→ ABOUT THIS EXERCISE:
Could you count the lines in the listing that include the word "size"? Give only the number.

(TASK MATERIAL)

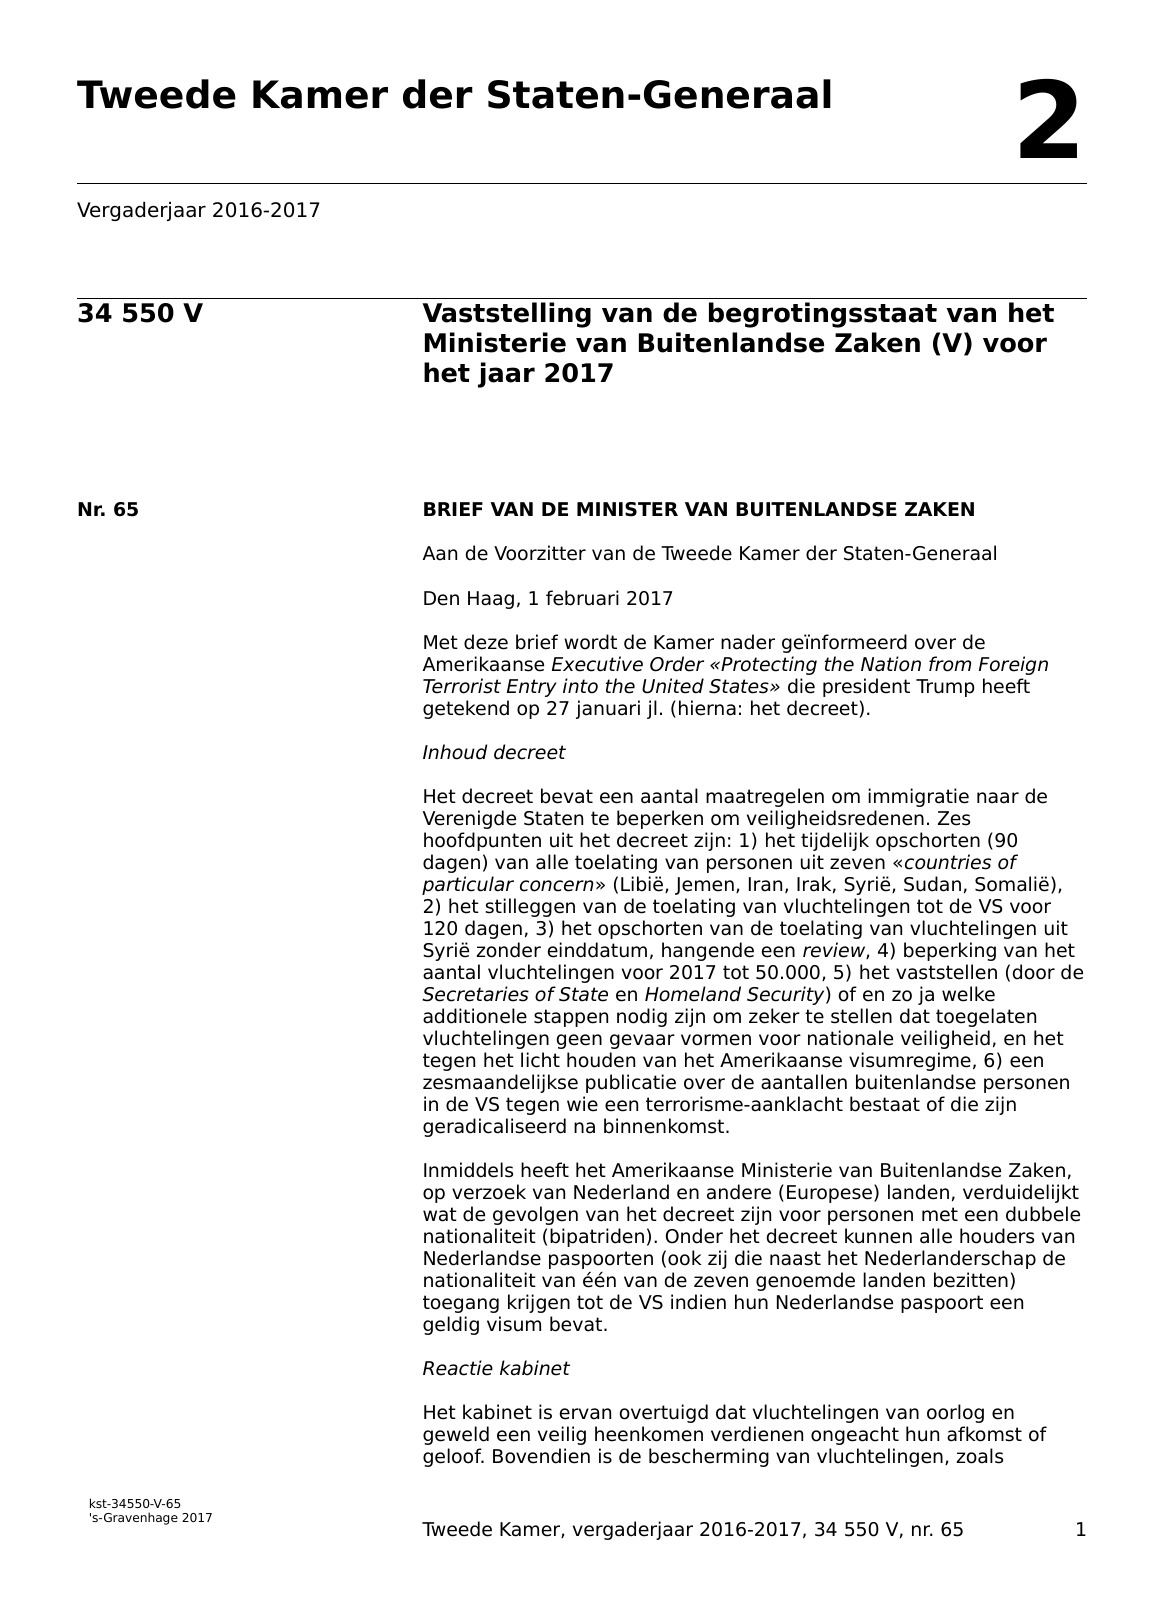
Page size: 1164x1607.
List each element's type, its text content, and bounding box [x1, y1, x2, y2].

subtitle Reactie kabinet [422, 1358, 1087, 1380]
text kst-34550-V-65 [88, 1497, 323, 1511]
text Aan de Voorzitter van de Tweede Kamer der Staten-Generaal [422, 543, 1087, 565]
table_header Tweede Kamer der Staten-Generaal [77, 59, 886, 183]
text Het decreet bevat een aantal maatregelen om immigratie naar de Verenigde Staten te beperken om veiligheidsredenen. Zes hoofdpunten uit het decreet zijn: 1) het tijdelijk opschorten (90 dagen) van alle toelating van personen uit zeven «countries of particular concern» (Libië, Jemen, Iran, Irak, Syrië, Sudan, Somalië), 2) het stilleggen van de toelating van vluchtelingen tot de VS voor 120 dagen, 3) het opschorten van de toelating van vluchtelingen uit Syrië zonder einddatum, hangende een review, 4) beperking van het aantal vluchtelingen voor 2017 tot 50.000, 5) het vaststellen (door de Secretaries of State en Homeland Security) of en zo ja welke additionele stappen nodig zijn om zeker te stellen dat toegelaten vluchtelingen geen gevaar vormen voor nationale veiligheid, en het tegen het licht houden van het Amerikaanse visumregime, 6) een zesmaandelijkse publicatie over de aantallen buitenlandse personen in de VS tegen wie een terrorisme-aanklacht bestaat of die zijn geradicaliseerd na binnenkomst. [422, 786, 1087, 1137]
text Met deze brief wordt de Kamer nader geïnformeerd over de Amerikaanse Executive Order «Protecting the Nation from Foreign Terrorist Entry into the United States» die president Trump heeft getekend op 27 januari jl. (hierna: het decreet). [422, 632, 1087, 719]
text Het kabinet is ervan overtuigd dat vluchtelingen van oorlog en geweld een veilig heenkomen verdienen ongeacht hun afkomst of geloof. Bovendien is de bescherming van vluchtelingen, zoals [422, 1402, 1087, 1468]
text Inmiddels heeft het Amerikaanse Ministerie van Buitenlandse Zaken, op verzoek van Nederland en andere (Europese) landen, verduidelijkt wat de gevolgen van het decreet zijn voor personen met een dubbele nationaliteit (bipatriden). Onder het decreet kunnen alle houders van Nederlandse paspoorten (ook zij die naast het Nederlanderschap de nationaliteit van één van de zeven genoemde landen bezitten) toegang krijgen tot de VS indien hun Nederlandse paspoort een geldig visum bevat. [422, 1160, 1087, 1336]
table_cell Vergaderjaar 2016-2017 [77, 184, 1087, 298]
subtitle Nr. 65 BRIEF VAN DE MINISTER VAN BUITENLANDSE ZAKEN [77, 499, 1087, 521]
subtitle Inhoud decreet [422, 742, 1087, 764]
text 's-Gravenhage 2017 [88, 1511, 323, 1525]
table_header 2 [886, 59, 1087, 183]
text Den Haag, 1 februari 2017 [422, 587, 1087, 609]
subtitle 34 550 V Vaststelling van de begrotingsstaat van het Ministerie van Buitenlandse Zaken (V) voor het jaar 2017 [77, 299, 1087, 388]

(End TASK MATERIAL)
(TASK MATERIAL)

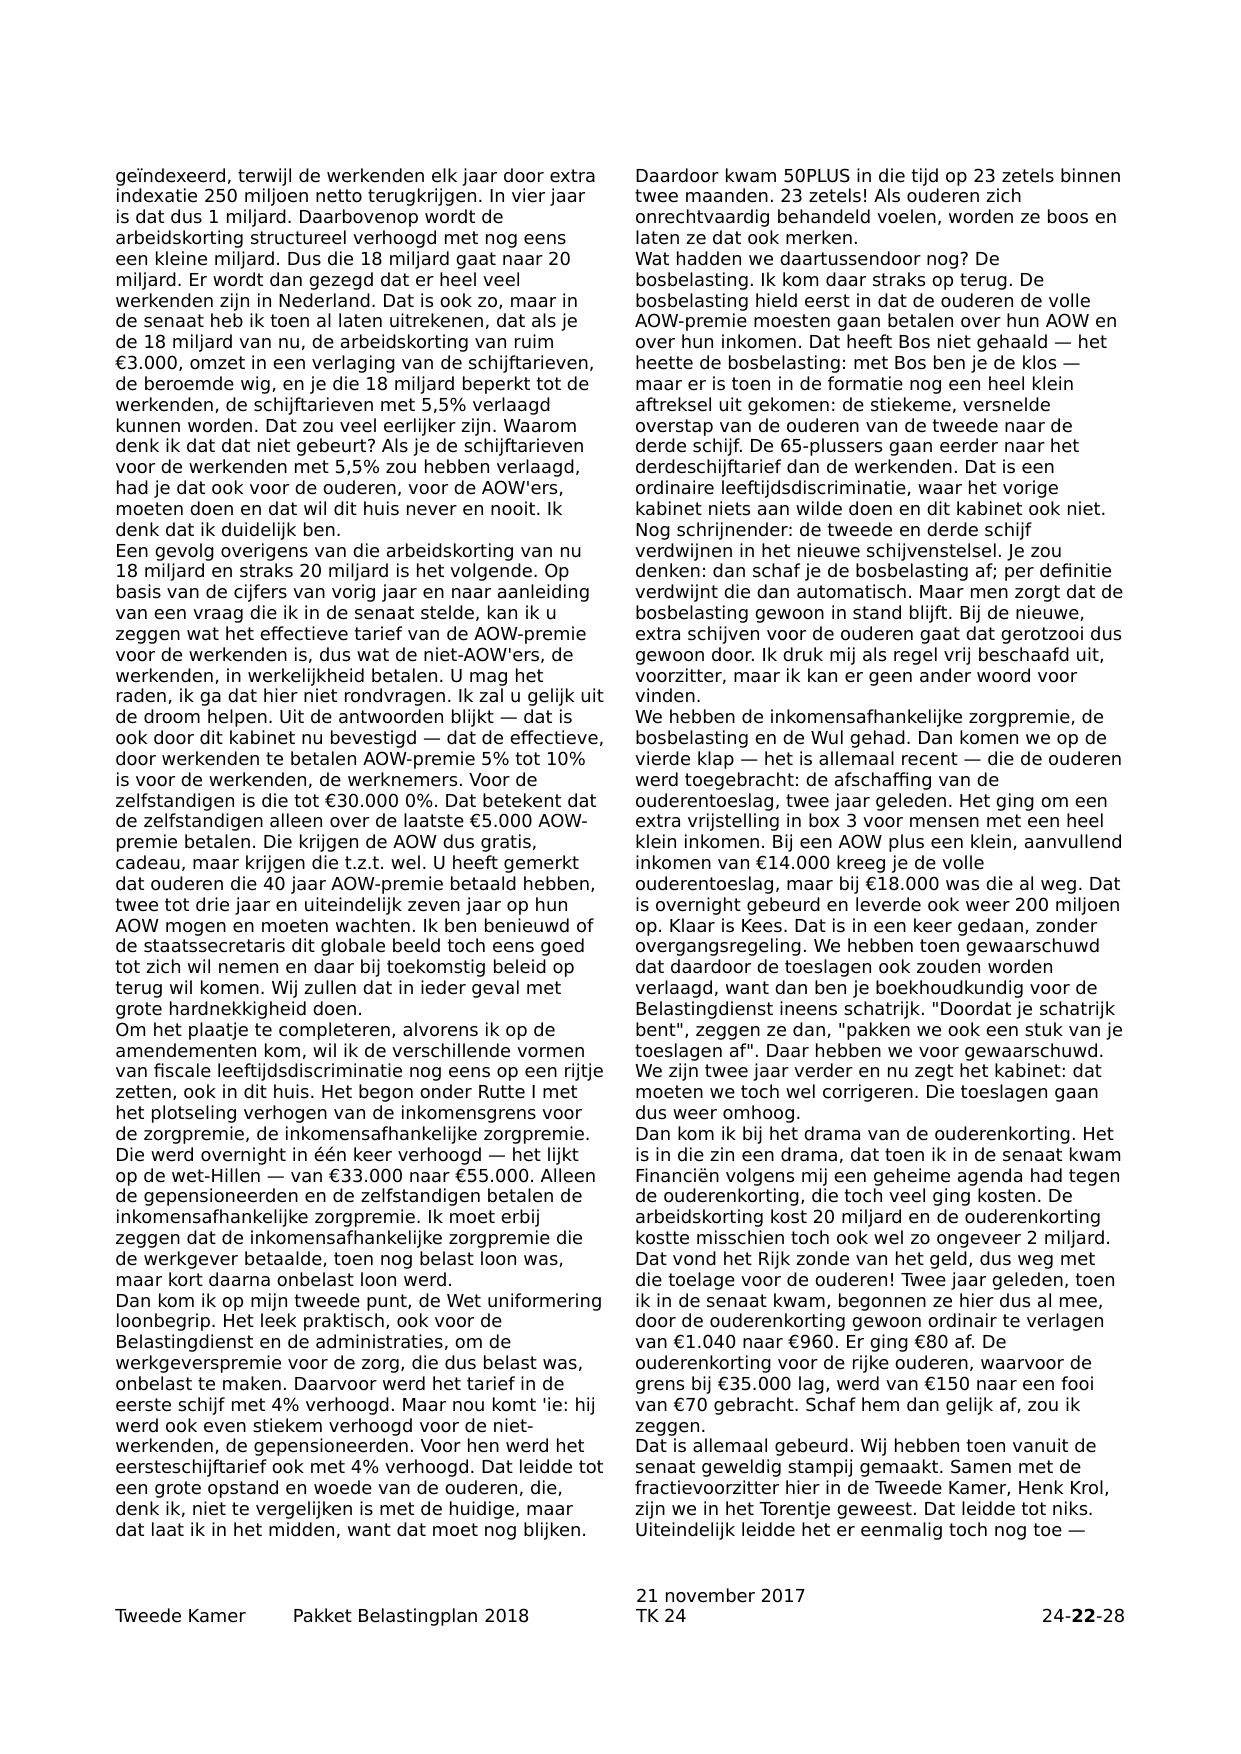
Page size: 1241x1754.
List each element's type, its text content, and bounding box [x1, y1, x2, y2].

(End TASK MATERIAL)

→ YOUR RESPONSE:
2